Additionally, in economics, different companies can choose to cooperate with each other or to compete. Too much cooperation causes a lack of innovation and makes industries less competitive against overseas competition and less resistant to financial turbulence, while too little cooperation leads to cutthroat competition, which is also not conducive to healthy development^36,37. For industry regulators, there is an urgent need to negotiate a balance between a fully cooperative situation and cutthroat competition; in this regard, alternative networked structures of industrial members can be of help. Meanwhile, companies can adjust their strategies and benefit from more moderate structures that balance their performance between robustness and cooperation.

These examples reveal that evolutionary games exist broadly in daily life, and that policy makers are often faced with the task of adjusting the self-interested relationships among members while also improving the failure tolerance of the entire system. From the perspective of topological reshuffling, we try to construct networked systems with different levels of cooperation and robustness that can provide potential solutions to economic and social dilemmas. In the following experiments on real networks, we provide possible solutions to these examples through our proposed algorithm.

Existing studies on network-based cooperation have focused on modelling different types of evolutionary games and on researching the relations between topological features and the ability to maintain cooperation^{9,10,11,12,22,23,24,25}; however, few have investigated techniques to promote the level of cooperation in networked systems, despite the fact that such techniques have potentially broad applications to real life. Based on previous studies, we focus on constructing networks that have a desired level of cooperation. Meanwhile, because both robustness and cooperation in complex networks are of great significance in real world applications and theoretical analyses, robustness has also been considered in the construction process. However, existing studies have shown that robustness and cooperation are in conflict with each other in terms of network structure. For robustness, an assortative or low-heterogeneity structure improves attack and error tolerances^18,19,38, but such structures also constrain the emergence of cooperators^10,11. To solve these problems, multi-objective optimization methods should be employed in the process of constructing robust cooperative networks. By doing so, we expect to generate a series of networks with different levels of robustness and cooperation.

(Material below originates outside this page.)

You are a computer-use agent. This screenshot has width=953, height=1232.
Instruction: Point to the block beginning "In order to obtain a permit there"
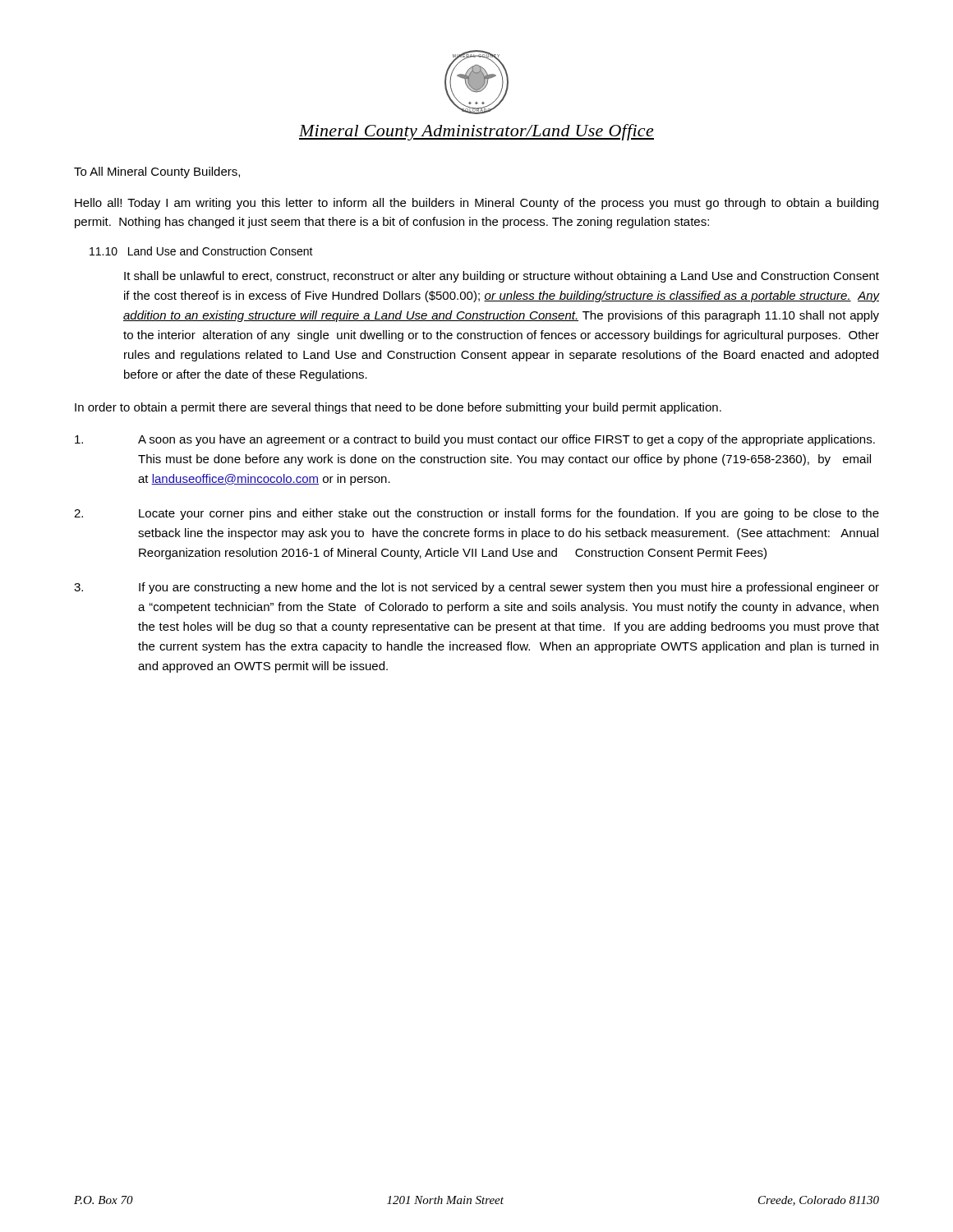click(x=398, y=407)

In terms of topological reshuffling, structural rewiring methods that start from a given network have been shown to be effective in improving robustness^18,19,20,21. Structural rewiring methods limit the degree distribution of optimized networks and must start from a specific initial network. However, these rewiring methods are helpless if the detailed connections in networks are unreachable; a method that can construct networks with the desired properties from arbitrary inputs is more flexible. Furthermore, considering the way cooperation emerges in the real world, it is not difficult to build connections with people we have never known before or to break off connections we already have, freeing from the total contacts we currently have (i.e., degree), as indicated by several existing studies^9,10,36. Meanwhile, because the resources in a system are limited, the numbers of total cooperative relations for each individual and for the whole system are also restricted^36,37 (i.e., it is impossible to generate cooperative connections between every pair of members). Therefore, in the process of constructing networks with a desired robust and cooperative level, we first define the number of nodes, representing that the system is relatively independent that no new members will join. Then, considering that allowing a variable number of links will make it difficult to evaluate and compare robustness as well as potentially creating confusing network structures, for simplicity, we also restrict the number of links during the construction process.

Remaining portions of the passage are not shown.